Michail Canda, Geboren: am 11.04.1911, Gestorben: am 27.09.1944 im Alter von 33 Jahren.

Dieser Mann könnte durchaus jener Martin sein, den Horak in seinem Bericht nannte. Das war für uns ein erster Anhaltspunkt, dass diese Gegend wahrscheinlich doch richtig war, denn wie schon vermutet, konnten wir uns nicht erklären, dass dieser Partisan, der aus dieser Gegend stammen sollte, einfach so im Gebirge verscharrt wurde. Das Besondere dieses Ortes in dem wir das Grab gefunden hatten war, dass er der am nächsten bei dem Fluss liegende Ort war. Dies bestärkte unsere Auffassung, dass die Suche nach der Höhle in diesem Gebiet vielleicht doch nicht vergeblich ist. Am Abend schauten wir noch einmal auf die Karte und beratschlagten erneut. Wir gingen nach dem Ausschlussprinzip vor. Wir wussten nun, dass in dem angegebenen Gebiet (Koordinaten von Horak) keine Höhle ist, wir vermuteten aber, dass das Gebiet richtig war (Grab von Michail Canda). Wir schauten erneut auf die Karte unseres Suchgebietes. Plötzlich sah ich, dass ein Höhlensymbol nicht weit von unserem Suchgebiet auf der Landkarte eingezeichnet war. Da wir überhaupt keine Erfahrungen hatten wie man im Wald eine Höhle findet, wie der Waldboden beschaffen sein muss, ob Felsen in der Nähe sein müssen und so weiter, entschieden wir deshalb, dass wir die eingezeichnete Höhle Seite finden sollten, um überhaupt erst mal unsere Sinne zu schärfen und eventuell danach erneut in dem angegebenen Gebiet die Höhle zu suchen.

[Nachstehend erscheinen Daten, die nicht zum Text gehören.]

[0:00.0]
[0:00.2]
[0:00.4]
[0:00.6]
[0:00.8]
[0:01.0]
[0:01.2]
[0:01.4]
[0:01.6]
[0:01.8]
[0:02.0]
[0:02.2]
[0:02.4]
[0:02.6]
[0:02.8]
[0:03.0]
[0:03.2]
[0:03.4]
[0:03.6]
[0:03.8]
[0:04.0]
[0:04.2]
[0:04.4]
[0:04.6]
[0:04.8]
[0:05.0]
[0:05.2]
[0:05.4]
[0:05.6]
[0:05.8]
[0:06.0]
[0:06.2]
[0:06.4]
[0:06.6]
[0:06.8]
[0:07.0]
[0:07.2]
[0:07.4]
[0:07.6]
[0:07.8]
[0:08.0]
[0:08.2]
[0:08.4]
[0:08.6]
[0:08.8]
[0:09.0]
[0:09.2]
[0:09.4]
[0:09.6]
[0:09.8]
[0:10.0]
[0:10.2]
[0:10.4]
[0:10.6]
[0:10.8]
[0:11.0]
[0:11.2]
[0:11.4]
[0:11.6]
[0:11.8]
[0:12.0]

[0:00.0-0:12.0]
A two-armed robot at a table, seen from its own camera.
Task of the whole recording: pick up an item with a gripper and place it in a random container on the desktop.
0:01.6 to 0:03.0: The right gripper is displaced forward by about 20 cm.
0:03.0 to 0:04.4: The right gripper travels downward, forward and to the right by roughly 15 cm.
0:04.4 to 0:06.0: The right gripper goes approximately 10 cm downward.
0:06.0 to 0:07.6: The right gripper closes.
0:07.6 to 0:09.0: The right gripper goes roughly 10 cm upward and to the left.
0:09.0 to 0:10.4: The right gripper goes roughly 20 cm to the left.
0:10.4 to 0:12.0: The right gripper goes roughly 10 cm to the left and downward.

Am nächsten Morgen begannen wir den Aufstieg zur Höhle zu planen. Da wir uns GPS- Karten gekauft hatten, nahmen wir die Koordinaten von der Höhle und gaben sie in unser GPS-Modul ein. Packten Proviant in unsere Rucksäcke und fuhren dann zu dem Ort und begannen den Aufstieg. Die Höhle befand sich laut Karte in mitten der Wildnis kein Weg und kein Steg führte bis zu ihr. Endlich waren wir auf dem Kamm des Berges und noch ca. 200 Meter von der angegebenen Position entfernt. Auf dem Bergkamm wechselte der Bewuchs des Waldes. Während des Anstieges entlang des Bachbettes war vorwiegend Misch- und Tannenwald, auf dem Kamm jedoch wuchsen nur noch Buchen. Im Wald gab es jetzt auch Felsen und kleine Schluchten. Wir wanderten weiter und die Entfernung zum Ziel schmolz auf 20 Meter. Nach der Überquerung des Kammes stießen wir auf einen Waldweg und machten eine Pause, da wir nun laut unserem GPS das Ziel erreicht hatten.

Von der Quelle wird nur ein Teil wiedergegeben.